Initial Real-World Experiences of Pulmonary Vein Isolation and Ablation of Non-Pulmonary Vein Sites Using a Novel Circular Array Pulsed Field Ablation Catheter.

作者信息

Yogarajah Joerg, Hutter Julie, Kahle Patrick, Beaujean Philipp, Tomic Marko, Hain Andreas, Sossalla Samuel, Kuniss Malte, Neumann Thomas

机构信息

Department of Cardiology, Kerckhoff Heart and Thorax Center, Campus Kerckhoff, Justus Liebig University Giessen, 61231 Bad Nauheim, Germany.

Department of Cardiology, Medical Clinic I, Justus Liebig University Giessen, 35392 Giessen, Germany.

出版信息

J Clin Med. 2024 Nov 19;13(22):6961. doi: 10.3390/jcm13226961.

Abstract

Various pulsed field ablation (PFA) systems are currently being developed.
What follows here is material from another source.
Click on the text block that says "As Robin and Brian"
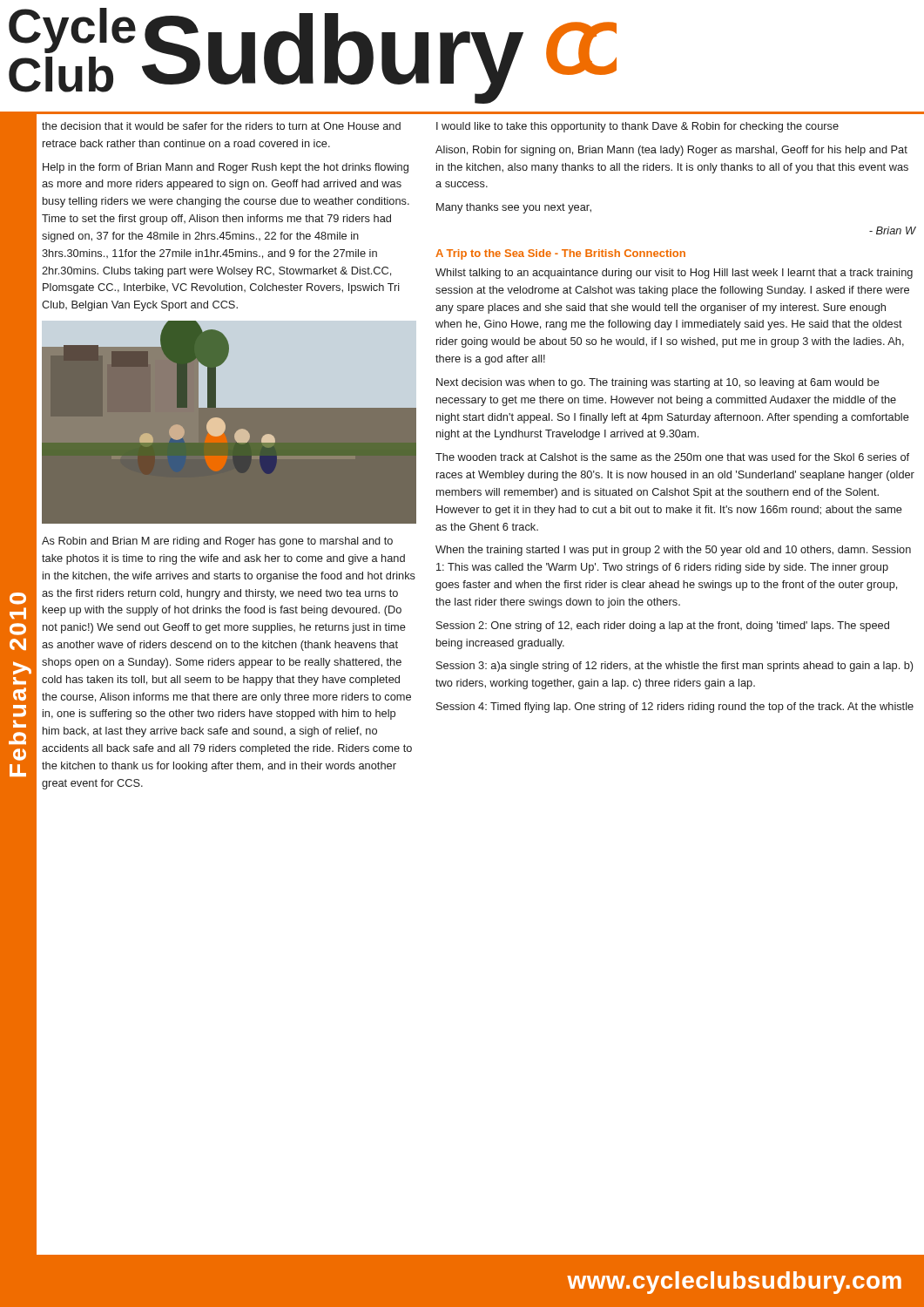Viewport: 924px width, 1307px height. (229, 662)
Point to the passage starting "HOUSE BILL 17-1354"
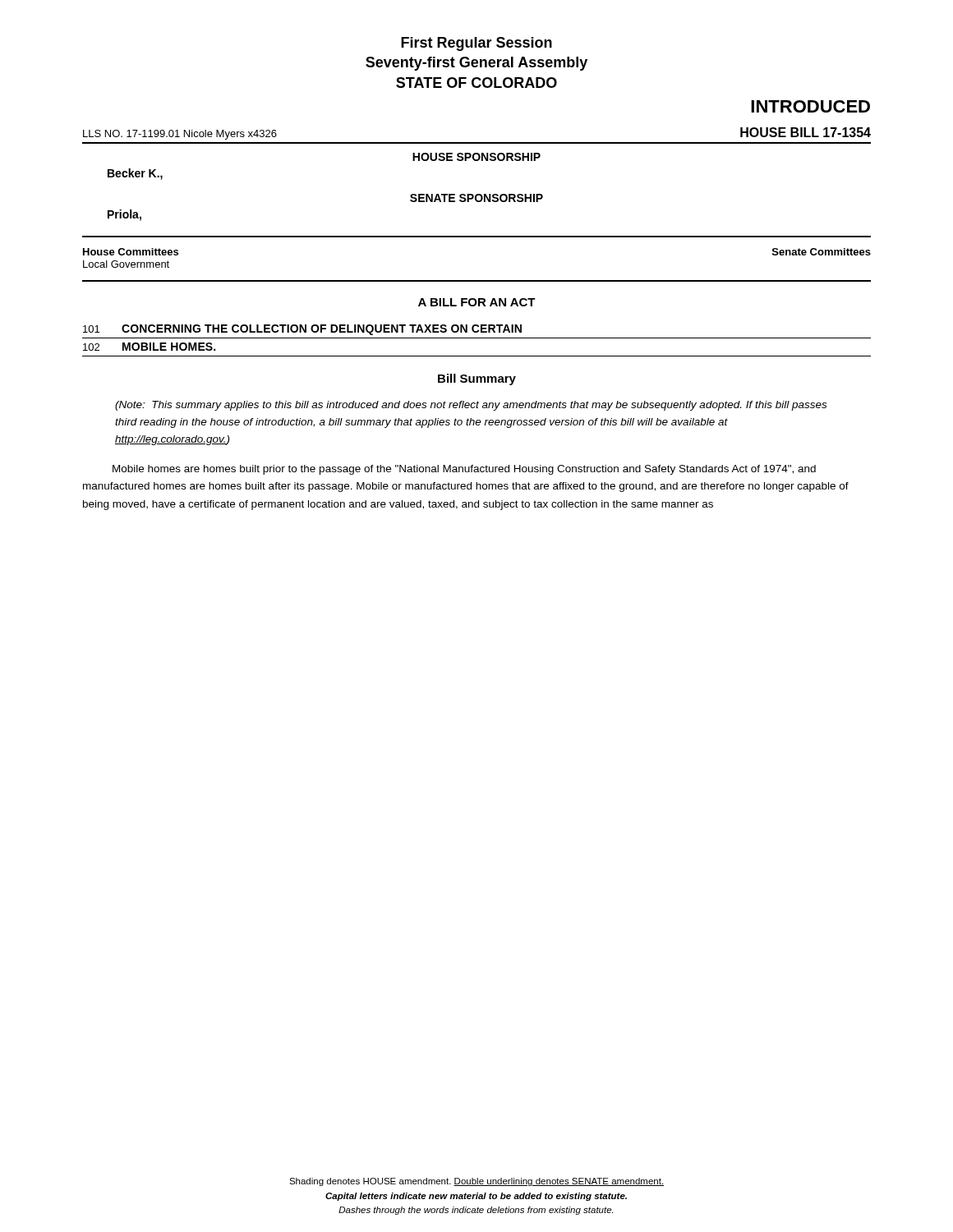The width and height of the screenshot is (953, 1232). [805, 133]

Recently, a novel CE-approved circular array PFA catheter (PulseSelect™ PFA System, Medtronic, Minneapolis, MN, USA) was introduced. Data on this commercially available system are sparse. The aim was to elucidate real-world data assessing the feasibility, safety, and acute efficacy of pulmonary vein isolation (PVI) and ablation beyond PVI with this novel ablation system. Consecutive patients with paroxysmal and persistent atrial fibrillation (AF) undergoing first-time ablation with the circular PFA catheter were enrolled in this study. In patients with persistent AF and left atrial (LA) enlargement (LA area > 20 cm), additional left atrial roof ablation (LARA) was performed. Those with concomitant typical atrial flutter received adjunctive cavo-tricuspid isthmus (CTI) ablation. A total of 100 AF patients were included (29% female, 50% persistent AF). Of these, 33 patients (33%) underwent adjunctive LARA, 1 patient (1%) received posterior wall isolation, and 6 patients (6%) required additional CTI ablation. The skin-to-skin procedural time averaged 66.3 ± 13.8 min, while the fluoroscopy time and dose area product were 13.7 ± 4.7 min and 6.8 ± 4.9 Gycm, respectively. Acute PVI was achieved in 100% of pulmonary veins. A bidirectional conduction block of the LARA and CTI lines was confirmed in all patients, and no major adverse events were reported. These real-world data demonstrate the feasibility, safety, and acute efficacy of PVI and ablation beyond PVI using a novel circular array PFA catheter in patients with atrial fibrillation and flutter. The system can easily be integrated with standard PVI workflows. Further and larger studies are warranted to assess the clinical long-term effectiveness and safety of this PFA system.

摘要

目前正在研发各种脉冲场消融(PFA)系统。最近,一款新的获得CE认证的环形阵列PFA导管(PulseSelect™ PFA系统,美敦力公司,美国明尼阿波利斯,MN)被推出。关于这个商业可用系统的数据很少。目的是阐明评估使用这种新型消融系统进行肺静脉隔离(PVI)以及PVI以外消融的可行性、安全性和急性疗效的真实世界数据。本研究纳入了连续使用环形PFA导管进行首次消融的阵发性和持续性心房颤动(AF)患者。对于持续性AF和左心房(LA)扩大(LA面积>20 cm)的患者,进行额外的左心房顶部消融(LARA)。伴有典型心房扑动的患者接受辅助性三尖瓣峡部(CTI)消融。共纳入100例AF患者(女性占29%,持续性AF占50%)。其中,33例患者(33%)接受了辅助性LARA,1例患者(1%)接受了后壁隔离,6例患者(6%)需要额外的CTI消融。皮肤到皮肤的手术时间平均为66.3±13.8分钟,而透视时间和剂量面积乘积分别为13.7±4.7分钟和6.8±4.9 Gycm。100%的肺静脉实现了急性PVI。所有患者均证实LARA和CTI线双向传导阻滞,且未报告重大不良事件。这些真实世界数据证明了在心房颤动和扑动患者中使用新型环形阵列PFA导管进行PVI以及PVI以外消融的可行性、安全性和急性疗效。该系统可以很容易地与标准PVI工作流程整合。有必要进行进一步的大规模研究来评估这种PFA系统的临床长期有效性和安全性。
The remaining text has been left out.